There's an interesting game design choice 5E does different than previous editions as far as spellcasting goes. There's three significant gameplay effects that come from what they've done compared to previous Vancian magic systems:
Low Level Spell Power
In older editions, there were some low level spells that would grow in power - Magic Missle, for example. You'd do a lot more damage with it at higher caster levels, but it was still a 1st level spell slot to use. So a 1st level spell became deadlier with your character leveling up, stacked on top of all the other magic power you were getting.
In 5E, what happens is a 1st level spell only gets more powerful if you use a higher spell slot to cast it - it's not automatically more powerful, but you DO get the flexibility to make it powerful - at the cost of being able to cast a higher level spell.
Prepared Spell Planning
Previously, preparing spells was pretty much the difference between useful or useless as a character.
Let's say you can cast 3 spells of 1st level power. And you prepare Magic Missle as one of them. You cast the spell. Later on, you really need to cast Magic Missle again - too bad! You used up the one and only memorized casting of it you had. You had to plan how many multiples of a spell to prep if you thought you might need more than one. If you guessed wrong, you basically had a useless character for that game day.
In 5E, you prep a list of spells you can cast, but you can assign the number of spell slots to cast them in any way you want, provided you meet the level limits. So, if you need 3 Magic Missles that day, you can spend all of your castings on that. If you need 3 Sleep spells, you can do that, instead.
You plan ahead the general load out, but the specifics within that loadout, you make the call as you go.

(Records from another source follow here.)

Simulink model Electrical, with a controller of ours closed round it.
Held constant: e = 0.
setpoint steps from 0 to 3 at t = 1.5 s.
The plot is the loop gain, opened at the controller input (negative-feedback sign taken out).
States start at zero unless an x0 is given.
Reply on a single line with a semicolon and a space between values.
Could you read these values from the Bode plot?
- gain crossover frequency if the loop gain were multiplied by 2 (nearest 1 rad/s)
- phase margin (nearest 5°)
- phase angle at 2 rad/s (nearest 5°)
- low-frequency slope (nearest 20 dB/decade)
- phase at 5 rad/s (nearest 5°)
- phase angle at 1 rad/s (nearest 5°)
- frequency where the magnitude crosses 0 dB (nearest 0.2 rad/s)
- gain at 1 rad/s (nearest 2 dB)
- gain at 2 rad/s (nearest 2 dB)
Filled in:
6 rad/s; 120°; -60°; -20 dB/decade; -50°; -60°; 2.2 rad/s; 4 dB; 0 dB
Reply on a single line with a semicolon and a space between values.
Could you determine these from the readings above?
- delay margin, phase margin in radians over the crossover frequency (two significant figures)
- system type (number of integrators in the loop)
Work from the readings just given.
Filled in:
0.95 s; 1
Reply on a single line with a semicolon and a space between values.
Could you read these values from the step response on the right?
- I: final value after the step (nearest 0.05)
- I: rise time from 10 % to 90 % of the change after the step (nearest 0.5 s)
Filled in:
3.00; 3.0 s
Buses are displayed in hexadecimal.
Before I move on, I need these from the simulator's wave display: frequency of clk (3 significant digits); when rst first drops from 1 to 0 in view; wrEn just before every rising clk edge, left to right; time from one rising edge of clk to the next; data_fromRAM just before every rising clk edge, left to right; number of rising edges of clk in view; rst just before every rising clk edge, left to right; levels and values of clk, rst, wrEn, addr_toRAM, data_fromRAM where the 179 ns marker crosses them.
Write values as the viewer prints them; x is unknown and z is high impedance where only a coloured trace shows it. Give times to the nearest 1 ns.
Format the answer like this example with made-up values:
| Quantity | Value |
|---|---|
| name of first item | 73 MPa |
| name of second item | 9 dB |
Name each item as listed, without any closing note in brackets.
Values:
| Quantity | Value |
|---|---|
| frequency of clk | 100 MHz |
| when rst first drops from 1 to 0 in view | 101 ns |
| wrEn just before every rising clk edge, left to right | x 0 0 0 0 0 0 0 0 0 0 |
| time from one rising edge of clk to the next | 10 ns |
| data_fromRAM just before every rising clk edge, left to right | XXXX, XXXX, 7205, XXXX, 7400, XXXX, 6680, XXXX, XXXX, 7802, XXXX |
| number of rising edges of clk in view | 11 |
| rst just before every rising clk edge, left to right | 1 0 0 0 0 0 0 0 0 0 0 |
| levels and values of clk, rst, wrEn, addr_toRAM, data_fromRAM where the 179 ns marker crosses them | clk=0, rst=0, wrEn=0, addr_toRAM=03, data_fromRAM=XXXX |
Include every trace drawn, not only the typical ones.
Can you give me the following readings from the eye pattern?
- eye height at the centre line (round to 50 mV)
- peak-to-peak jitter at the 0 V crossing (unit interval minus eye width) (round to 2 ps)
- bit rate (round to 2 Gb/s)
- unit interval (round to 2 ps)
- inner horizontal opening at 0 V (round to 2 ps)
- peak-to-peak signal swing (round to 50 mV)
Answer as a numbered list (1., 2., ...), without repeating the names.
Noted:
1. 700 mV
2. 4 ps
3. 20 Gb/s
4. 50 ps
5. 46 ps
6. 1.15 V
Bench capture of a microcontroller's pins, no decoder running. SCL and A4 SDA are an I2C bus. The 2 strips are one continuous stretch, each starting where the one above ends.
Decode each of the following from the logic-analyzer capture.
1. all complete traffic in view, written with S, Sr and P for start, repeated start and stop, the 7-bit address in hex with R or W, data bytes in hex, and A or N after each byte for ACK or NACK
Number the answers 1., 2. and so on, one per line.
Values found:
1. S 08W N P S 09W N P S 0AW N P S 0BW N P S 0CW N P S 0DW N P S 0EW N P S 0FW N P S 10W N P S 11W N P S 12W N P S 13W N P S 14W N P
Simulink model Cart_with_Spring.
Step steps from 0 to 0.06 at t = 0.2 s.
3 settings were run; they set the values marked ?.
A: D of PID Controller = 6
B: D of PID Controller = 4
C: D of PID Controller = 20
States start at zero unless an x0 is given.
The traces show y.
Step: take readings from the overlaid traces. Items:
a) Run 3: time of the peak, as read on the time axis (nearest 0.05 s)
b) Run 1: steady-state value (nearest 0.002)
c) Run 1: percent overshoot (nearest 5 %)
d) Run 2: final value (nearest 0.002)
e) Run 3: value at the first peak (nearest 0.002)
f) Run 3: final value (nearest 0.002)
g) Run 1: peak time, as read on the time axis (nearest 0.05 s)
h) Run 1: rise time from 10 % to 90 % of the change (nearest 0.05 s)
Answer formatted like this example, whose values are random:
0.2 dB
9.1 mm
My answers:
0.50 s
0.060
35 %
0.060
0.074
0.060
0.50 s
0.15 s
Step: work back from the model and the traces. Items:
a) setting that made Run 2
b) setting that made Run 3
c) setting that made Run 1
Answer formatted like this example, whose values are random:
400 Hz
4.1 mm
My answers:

Low Level vs. High Level Spell Competition
Finally, because of that set up, you have to make some interesting choices about your prepared spell load outs - you will have to decide how many spells to prepare of what kind of level - do you have more flexibility with lower levels spells, or higher level spells?
Lower level spells can often also be cast at higher levels, so there's a flexibility in power, to that. On the other hand higher level spells give you access to certain effects you can't get any other way. If you've only got 1 or 2 high level spell slots, maybe you want some flexibility in prepared spell options so you can use them the best way possible.
All in all, the new system still rewards strategically considering which spells to prepare, but isn't overly punishing or forces mages into a binary of useful/useless. There's some mild effects that look like they're aimed at somewhat curbing the "quadratic wizard" effect, though I'm guessing we'll have to wait until the full rules drop to say much of anything about the whether that actually happens.